You know what slowed down the process of the security guy dispatching someone to Patterson? He kept asking me for the number of the train I was on. I DON’T REGULARLY KEEP TABS ON THE NUMBER OF THE TRAIN CARS OR BUSES I AM ON! If I say “I got off the train _ minutes ago”, then I would expect that an employee of said transit company could deduce about how long it would be until passengers from said train would reach Patterson Station.

I don’t know a lot about municipal policing in the GVA, so I could be saying something that makes me look really stupid and naive. I know a lot of people say “fuck the police” and that cops don’t get things done, but a big problem, as I have illustrated, is so clearly bureaucratic, and not due to a lack of motivation on the individual or group’s part.

The amount of time that it takes for a couple of departments from the same urban area to say “that’s not my problem; please go elsewhere” puts people at risk.
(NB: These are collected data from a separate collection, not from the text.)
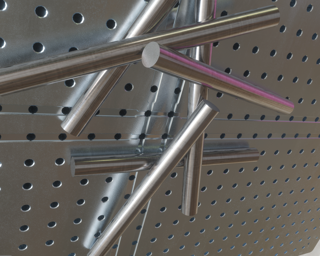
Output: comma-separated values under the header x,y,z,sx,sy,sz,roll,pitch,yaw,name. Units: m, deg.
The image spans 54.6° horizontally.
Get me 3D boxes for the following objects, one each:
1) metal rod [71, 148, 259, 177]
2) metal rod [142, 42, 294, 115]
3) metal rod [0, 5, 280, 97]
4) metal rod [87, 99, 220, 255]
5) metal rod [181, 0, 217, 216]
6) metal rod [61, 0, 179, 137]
x,y,z,sx,sy,sz,roll,pitch,yaw,name
0.026,0.047,0.453,0.302,0.025,0.025,-1,119,-28,metal rod
0.098,-0.051,0.396,0.302,0.025,0.025,9,114,-44,metal rod
-0.008,-0.085,0.319,0.302,0.025,0.025,-18,126,-15,metal rod
-0.020,0.086,0.425,0.025,0.025,0.299,20,116,-36,metal rod
0.048,-0.013,0.406,0.025,0.025,0.298,-9,116,-24,metal rod
-0.012,-0.115,0.333,0.025,0.025,0.299,31,101,-38,metal rod
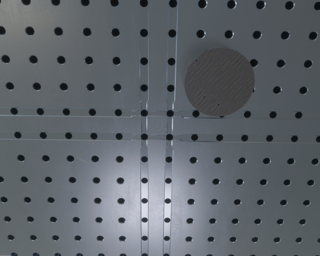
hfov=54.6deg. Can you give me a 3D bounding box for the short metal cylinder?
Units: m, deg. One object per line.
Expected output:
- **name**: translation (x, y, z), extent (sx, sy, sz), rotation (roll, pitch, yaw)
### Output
- **short metal cylinder**: translation (0.068, -0.060, 0.379), extent (0.080, 0.050, 0.079), rotation (0, 110, 0)

Secondly, I would hope that in a situation like this, it would be simple for a police officer to contact the alternate municipality’s department and advise them to dispatch some police to the area where the crime is most likely to occur. I THINK that the police at the other municipality’s department would trust the judgment of another police officer.

Another issue that is raised here, is at what point would a police officer say “oh, shit, this is a pretty serious crime, so I had better try to get the ball rolling, even though this is not in my jurisdiction”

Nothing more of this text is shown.